Board of Peace, Ancaman bagi Baitul Maqdis
Oleh : Ledy Ummu Zaid
Sampai detik ini, rakyat Gaza, Palestina belum mendapatkan kemerdekaannya. Mereka masih harus mendapat intimidasi dan tekanan dari pasukan Yahudi Israel. Meski statusnya sudah gencatan senjata, tetapi pasukan Israel masih terus membombardir wilayah Gaza. Tak sedikit nyawa rakyat Gaza melayang akibat agresi militer di Gaza sejak Oktober tahun 2023 lalu.
Indonesia Bergabung dengan Board of Peace
Dilansir setkab.go.id (22/01/2026), Indonesia telah bergabung dengan Board of Peace (BoP) atau Dewan Perdamaian yang diinisiasi Amerika Serikat (AS). Presiden Republik Indonesia (RI) Prabowo Subianto tampak optimis terhadap perdamaian di Gaza dalam waktu dekat. Baginya, bergabung dengan BoP menjadi langkah nyata untuk mendukung perdamaian di Palestina.
Hal ini juga menjadi bukti komitmen Indonesia dalam perdamaian dunia. Menurut Presiden RI ke 8 tersebut, kondisi rakyat Gaza berangsur membaik. Adapun bantuan kemanusiaan sudah dapat masuk ke wilayah Gaza. Oleh karenanya, ia berharap Indonesia dapat turut andil dalam perdamaian di Gaza, Palestina. Sebagai contoh, dengan bergabung pada Dewan Perdamaian yang diketuai Presiden AS Donald Trump.
Dilansir dari laman cnbcindonesia.com (29/01/2026), Menteri Keuangan Purbaya menanggapi pertanyaan terkait dari dana yang digunakan untuk iuran Indonesia dalam BoP. Adapun AS digadang-gadang meminta iuran sukarela sebesar US$ 1 miliar atau sekitar Rp 16,7 triliun. Kemudian, dana yang akan dianggarkan untuk iuran sukarela tersebut diambil dari Anggaran Pendapatan dan Belanja Negara (APBN).
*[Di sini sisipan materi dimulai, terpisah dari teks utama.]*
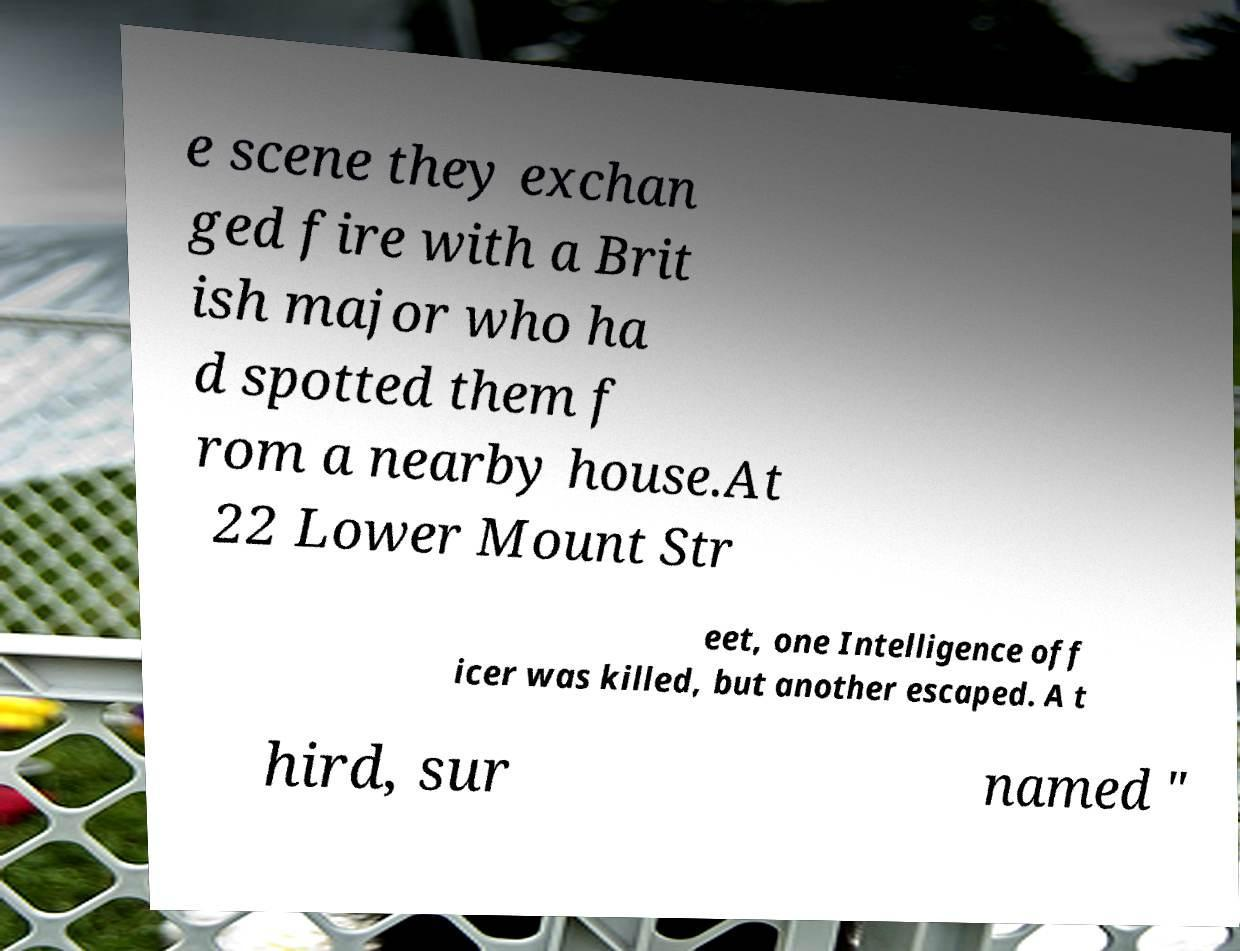I need the written content from this picture converted into text. Can you do that? e scene they exchan ged fire with a Brit ish major who ha d spotted them f rom a nearby house.At 22 Lower Mount Str eet, one Intelligence off icer was killed, but another escaped. A t hird, sur named " 
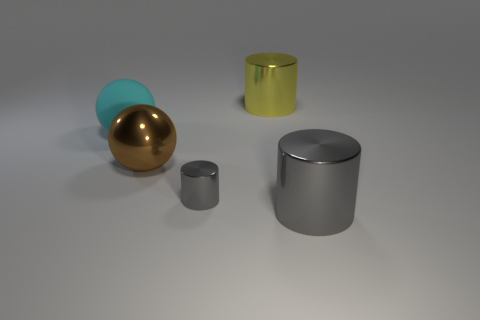Subtract all gray cylinders. How many cylinders are left? 1 Add 1 metallic cylinders. How many objects exist? 6 Subtract all brown spheres. How many spheres are left? 1 Add 4 big metal balls. How many big metal balls exist? 5 Subtract 0 yellow cubes. How many objects are left? 5 Subtract all cylinders. How many objects are left? 2 Subtract all green cylinders. Subtract all yellow blocks. How many cylinders are left? 3 Subtract all red blocks. How many cyan spheres are left? 1 Subtract all large purple shiny cylinders. Subtract all big brown shiny objects. How many objects are left? 4 Add 4 large cyan matte balls. How many large cyan matte balls are left? 5 
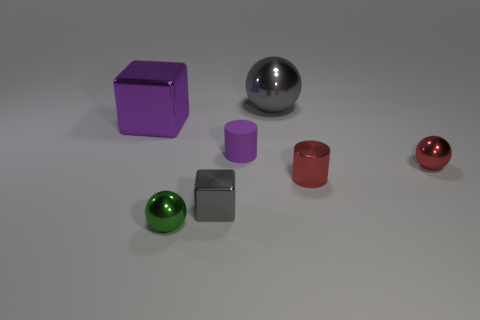Which objects in the image look like they could be the heaviest, and why? Judging by size and material appearance, the larger objects may seem heavier. For instance, the large gray metallic sphere and the large purple cube appear as if they could be the heaviest items due to their substantial relative size and solid-looking materials, which suggest weight. 
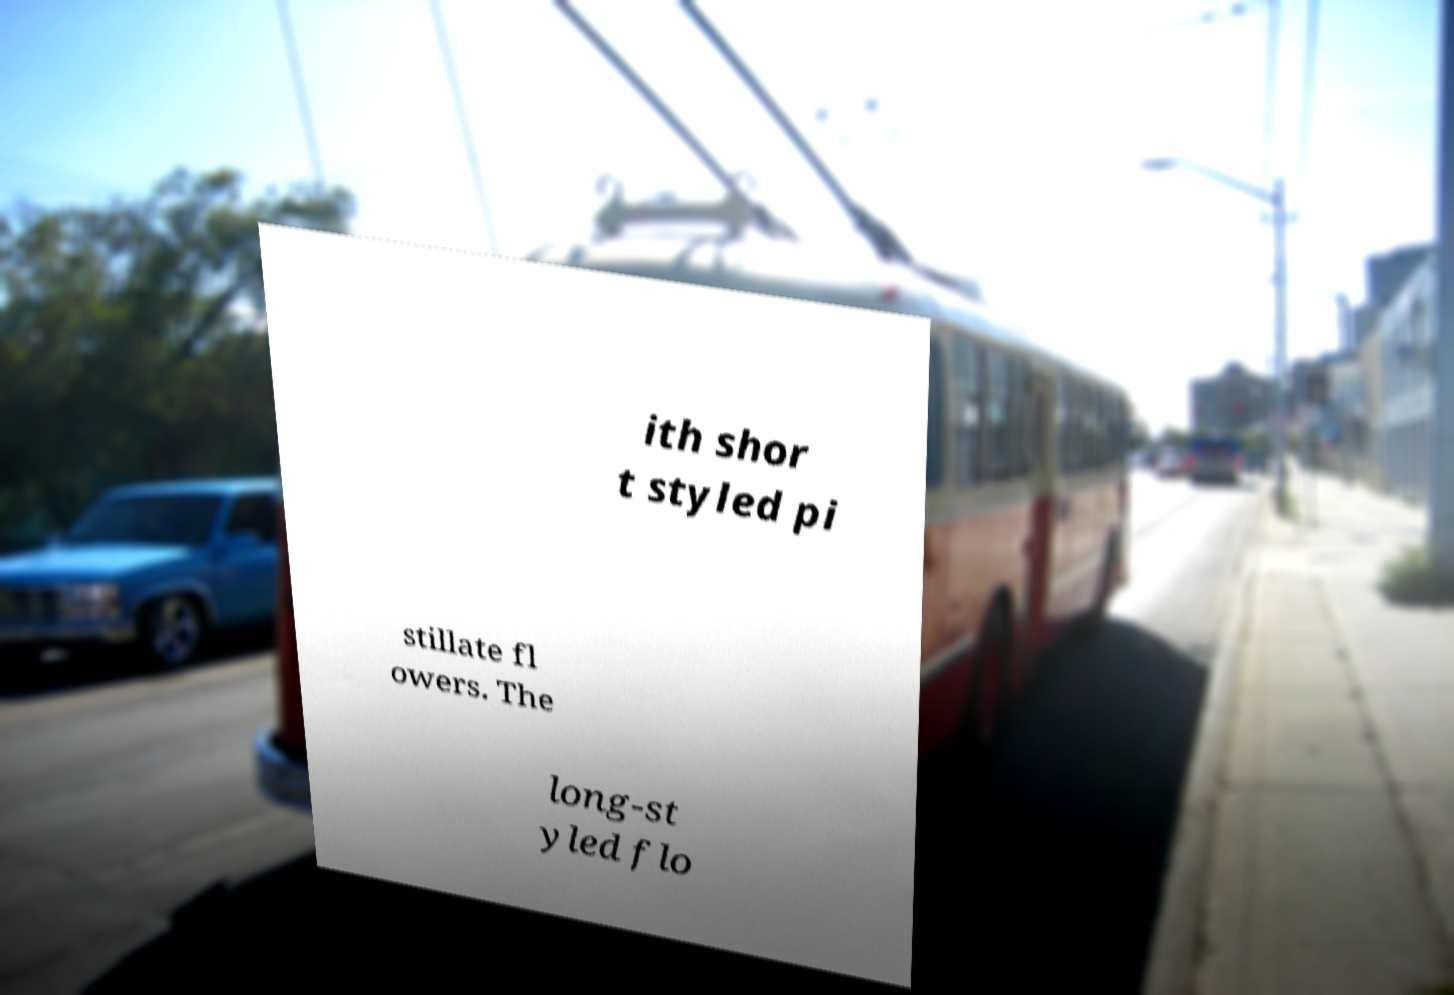Please read and relay the text visible in this image. What does it say? ith shor t styled pi stillate fl owers. The long-st yled flo

Di sisi lain, Menteri Luar Negeri Sugiono mengatakan BoP dibentuk untuk melakukan rekonstruksi di Gaza. Faktanya, rekonstruksi sebuah negara tentu membutuhkan dana yang besar. Dengan demikian, iuran sukarela tersebut digunakan untuk rekonstruksi Gaza. Tambahnya, Indonesia akan menjadi anggota tetap, jika membayar iuran tersebut.
Board of Peace, Produk Kapitalisme
Seperti yang kita ketahui, BoP merupakan produk keluaran AS. Adapun AS menjadi kiblat sistem ekonomi kapitalisme. Tentu, ada udang di balik batu, yakni kepentingan geopolitik dan ekonomi AS sendiri. Alih-alih ingin membebaskan Gaza, Trump ingin menguasai Gaza sepenuhnya. Sebagai contoh, program rekonstruksi Gaza dengan nama ‘New Gaza’ melancarkan AS untuk membangun gedung-gedung pencakar langit, wisata pantai, pelabuhan, bandara, dan menara apartemen.
BoP yang disebut-sebut sebagai Dewan Perdamaian untuk Palestina, tetapi nyatanya tidak melibatkan Palestina itu sendiri. Sekitar 21 negara di dunia telah bergabung dengan BoP, sedangkan negeri-negeri muslim tampak mendominasi. Sejatinya, keikutsertaan negeri-negeri muslim tersebut menjadi bentuk pengkhianatan terhadap muslim Gaza.
Dalam sistem kapitalisme, yang kuat akan senantiasa menindas yang lemah. Mereka yang berkuasa tentu memiliki andil untuk menentukan dan mengatur permainan. AS sebagai negara adidaya saat ini tampak terang-terangan mengatur BoP. Sebelumnya, AS memilih meninggalkan Perserikatan Bangsa-Bangsa (PBB) hingga Trump membuat Dewan Perdamaiannya sendiri.
Tak sampai di situ, Donald Trump juga akan menjadi ketua tunggal yang akan menjabat selamanya. Dari sini, sudah jelas keberadaan BoP adalah senjata bagi AS untuk mengendalikan dunia. Adapun negeri-negeri muslim hanya menjadi penonton yang harus mengikuti aturan penyelenggara. Dengan demikian, bentuk neokolonialisme kian gencar melalui BoP yang mana jelas produk kapitalisme.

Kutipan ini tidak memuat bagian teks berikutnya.